Some of the new insecticides are significantly less disruptive to natural enemies than the broad-spectrum organophosphates used in the past. Residual bioassays measuring the effects of field application rates of insecticides to D. tasmanica showed that tebufenozide and emamectin benzoate were harmless (less than 21% mortality) to adults 7 days after treatment. Indoxacarb and lime-sulfur residues caused 80% to 99% mortality, while carbaryl (Sevin), diazinon and spinosad (Success) were very harmful (more than 99% mortality) (Newman et al. 2004). These toxicity categories followed the standard criteria for laboratory studies defined by the International Organization for Biological and Integrated Control of Noxious Animals and Plants (Hassan 1985).
By early 2000, all of New Zealand's major fruit industries had implemented programs based on the concepts embodied within Integrated Fruit Production: use of thresholds for pesticide inputs, with an emphasis on selective control options (Manktelow et al. 2005). Wine-grape industry records show that, for leafroller control, national insecticide use has shifted from an average of one organophosphate application in 1997 to less than 0.4 insect growth regulator applications by 2008. The two insect growth regulator insecticides used in wine grapes for leafroller control are tebufenozide and methoxyfenozide. The need for an application is determined by damage observed during the previous harvest. When treatment is needed, a single pre-bloom spray is applied.
Considerations for California
With a strategic commitment to biological control within an IPM context, California may ultimately achieve the same levels of light brown apple moth control as obtained in New Zealand. Many fruit crops in California already receive control measures for native and introduced leafrollers, and these tactics may prove to be effective for light brown apple moth without a great deal of modification.
If the New Zealand experience is any indication, adequate control of this leafroller can be achieved more effectively through a vigorous program of biological control and the use of selective insecticides for other pest species. That approach identified a need to introduce natural enemies to attack light brown apple moth through all stages of development. The focus on introductions to address parasitism gaps, especially those targeting the late larval and pupal stages, proved to be highly effective. Further exploration of natural enemies in New Zealand may yield guidance for possible parasitoid importations to North America.

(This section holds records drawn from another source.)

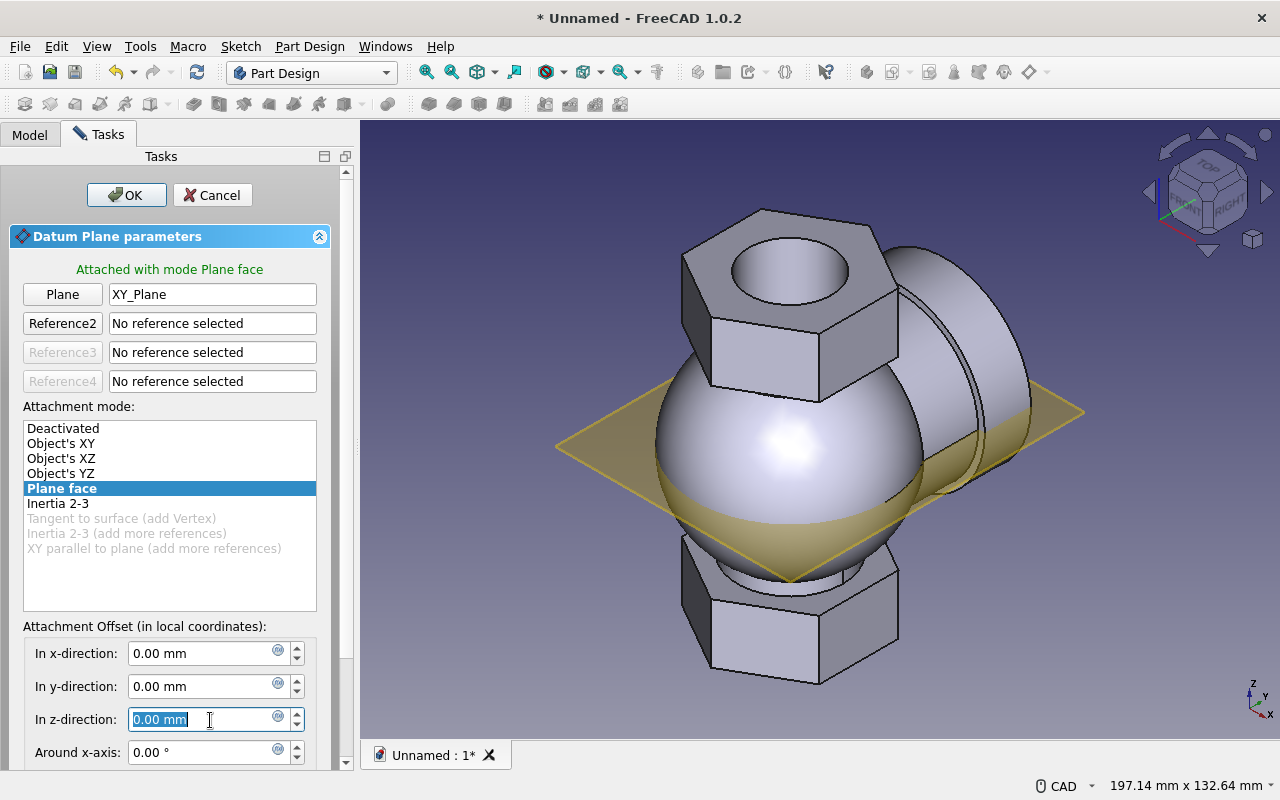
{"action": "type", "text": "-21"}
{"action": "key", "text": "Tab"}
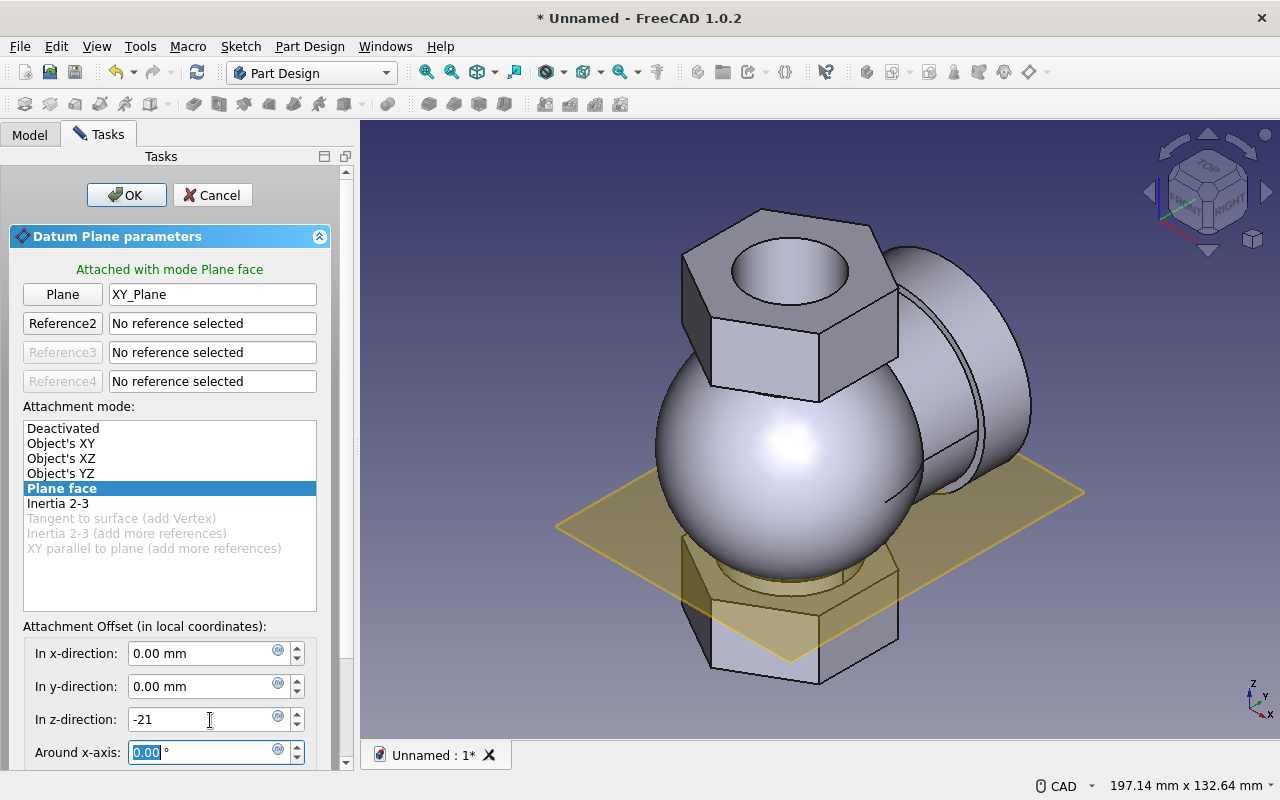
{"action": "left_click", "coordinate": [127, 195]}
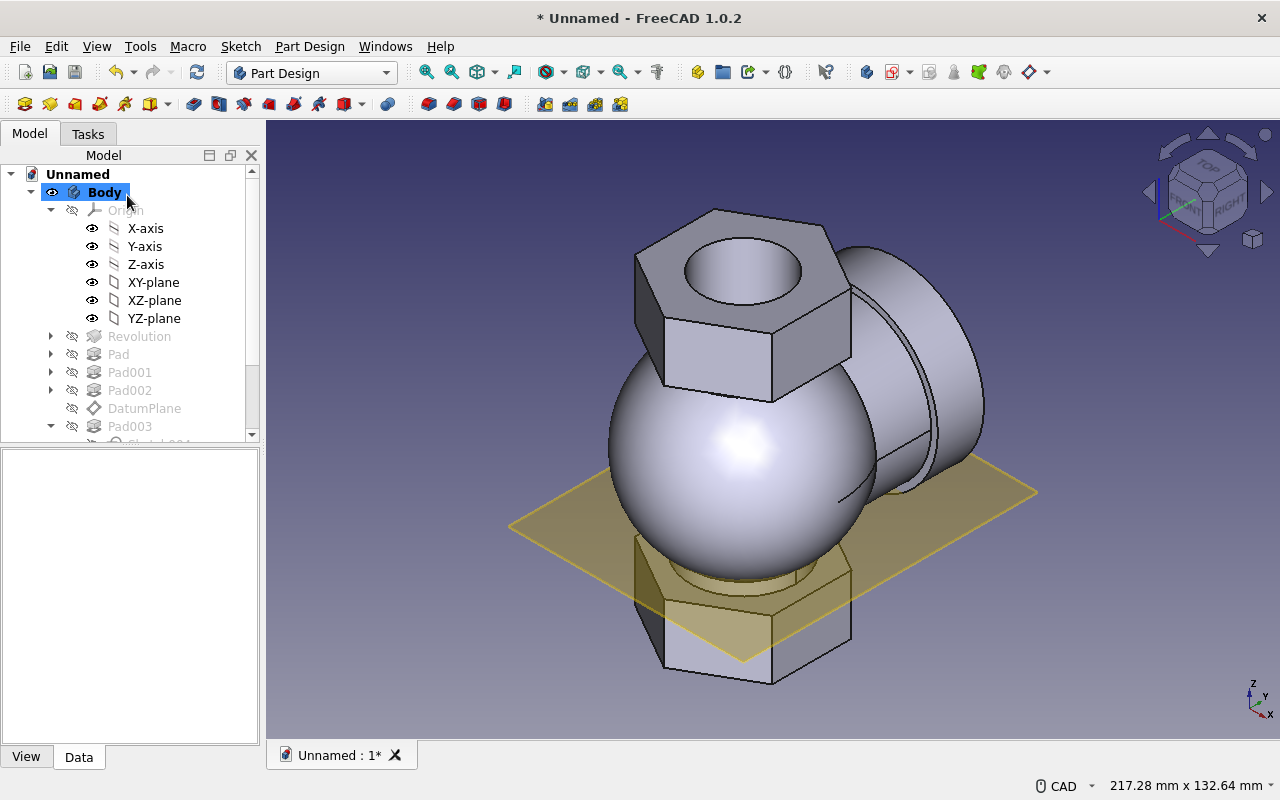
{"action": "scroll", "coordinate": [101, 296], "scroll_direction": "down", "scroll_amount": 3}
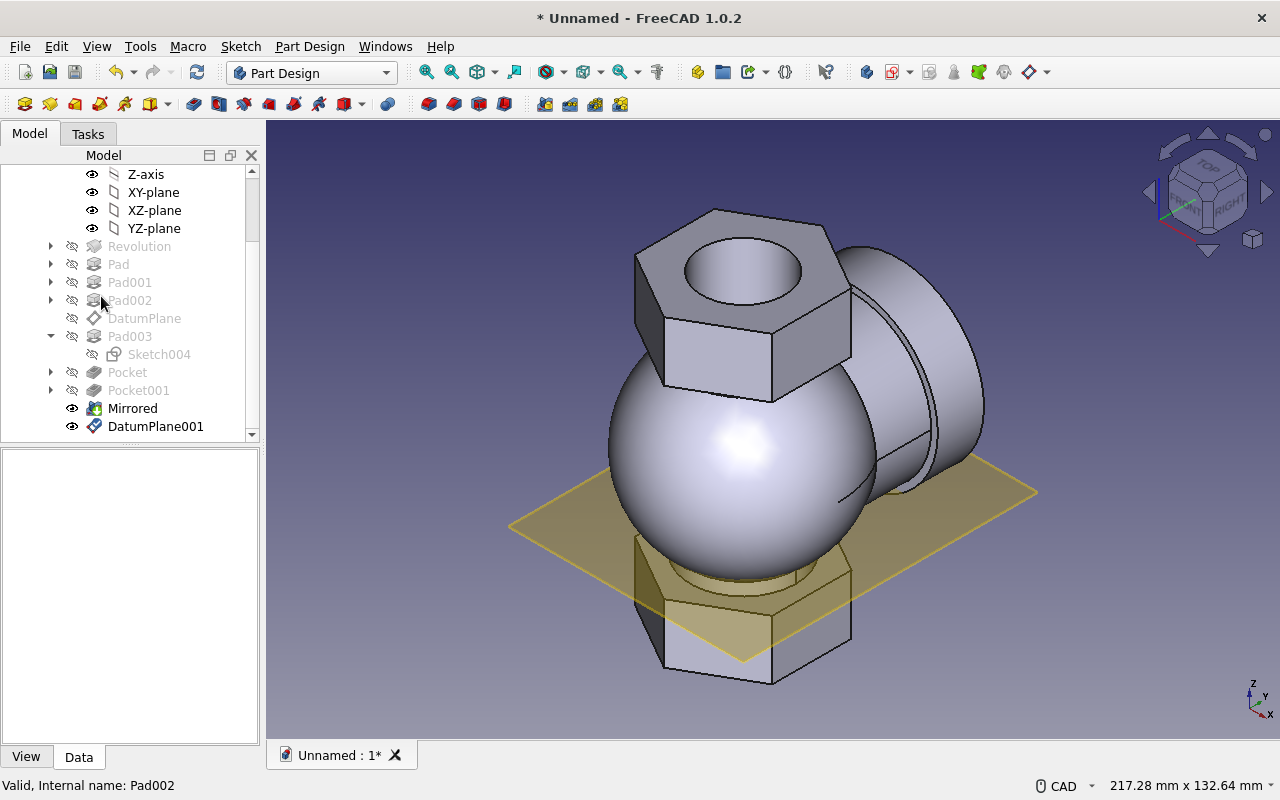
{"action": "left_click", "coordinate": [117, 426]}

As New Zealand has already found, it is unlikely that any one parasitoid will be so specific that it attacks only light brown apple moth. Therefore, any introduction of natural enemies into California must be preceded by a careful cost-benefit analysis. Light brown apple moth is a polyphagous insect, feeding on many plant species, and some native leafrollers may occupy the same niche. The benefit of suppressing populations of light brown apple moth and allowing reduced use of insecticide must outweigh possible adverse impacts on populations of endemic moths and natural enemies. This is an issue that must be carefully considered in the development of a strategic plan for the long-term management of this pest in California.